Elle affirme que Monsieur [C] s’est installé en Algérie et qu’elle n’a plus de ses nouvelles mais ne rapporte pas la preuve d’une résidence séparée depuis plus d’un an à ce jour. L’existence d’une notification par courrier recommandé signé en février 2024 ne peut à elle seule (outre que cela n’est pas invoqué), constituer une telle preuve, la présence ponctuelle de Monsieur [C] en Algérie dans un logement où il est identifié n’établissant pas en soi qu’il y ait sa résidence de manière habituelle et séparée de l’épouse. Il n’appartient pas en tout état de cause à la juridiction d’effectuer d’office parmi les faits de l’espèce, adventices comme non expressément invoqués par la demanderesse, la recherche des preuves qu’il appartient à cette dernière d’apporter, étant souligné que l’exigence probatoire est d’autant plus importante en l’espèce, et en application de l’article 472 du code de procédure civile, que le défendeur ne comparaît pas.
Les pièces produites établissent en outre qu’en octobre 2023 Monsieur [C] percevait sa retraite française dont le relevé était adressé au domicile conjugal.
Par conséquent, Madame [U], qui n’invoque ni ne rapporte aucune preuve de la résidence séparée des époux depuis au moins un an à ce jour, sera déboutée de sa demande en divorce.
SUR L’EXECUTION PROVISOIRE
Conformément à l’article 1074-1 du code de procédure civile, à moins qu’il n’en soit disposé autrement, les décisions du juge aux affaires familiales qui mettent fin à l’instance ne sont pas, de droit, exécutoires à titre provisoire.

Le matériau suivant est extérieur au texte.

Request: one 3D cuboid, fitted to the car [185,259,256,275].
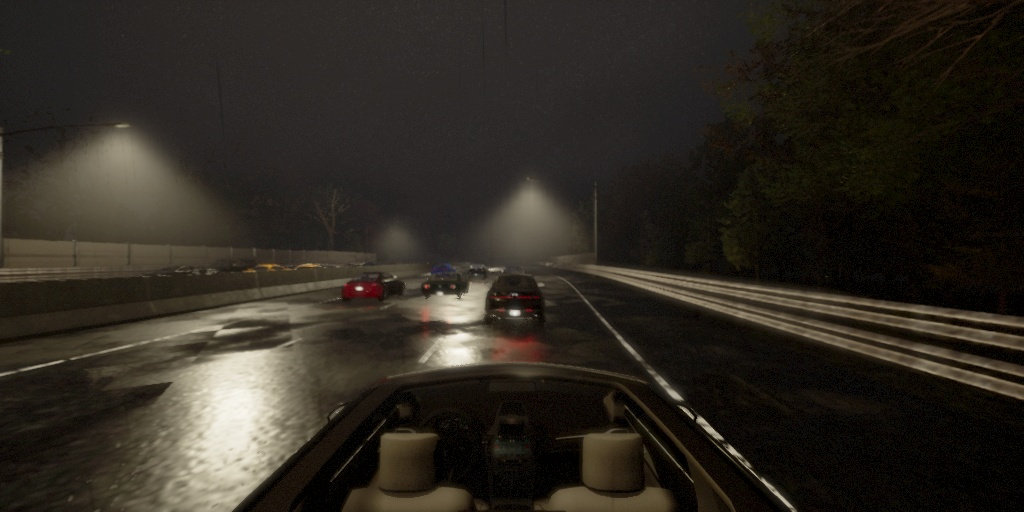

Eu égard à la nature des décisions prises, il n’y a pas lieu d’ordonner l’exécution provisoire.
SUR LES DEPENS
Madame [U] succombant en l’espèce, les dépens seront à sa charge.
PAR CES MOTIFS
Madame Marie-Pierre BONNET, juge aux affaires familiales, assistée de Madame Ninon CLAIRE greffière, statuant par mise à disposition au greffe, après débats en chambre du conseil, par jugement réputé contradictoire et en premier ressort :
DIT que le juge français est compétent et la loi française applicable à l’ensemble des chefs de demande du présent litige,
DEBOUTE Madame [U] de sa demande en divorce ;
DIT n’y avoir lieu à exécution provisoire,
CONDAMNE Madame [U] aux entiers dépens de l’instance,
DIT que la présente décision devra être signifiée par la partie la plus diligente à l’autre partie par acte d’huissier,
RAPPELLE qu’à défaut d’avoir été signifiée dans les six mois de sa date, la présente décision est réputée non avenue.
Le présent jugement a été signé par Madame Marie-Pierre BONNET, Vice-présidente et par Madame Ninon CLAIRE, Greffière présent lors du prononcé.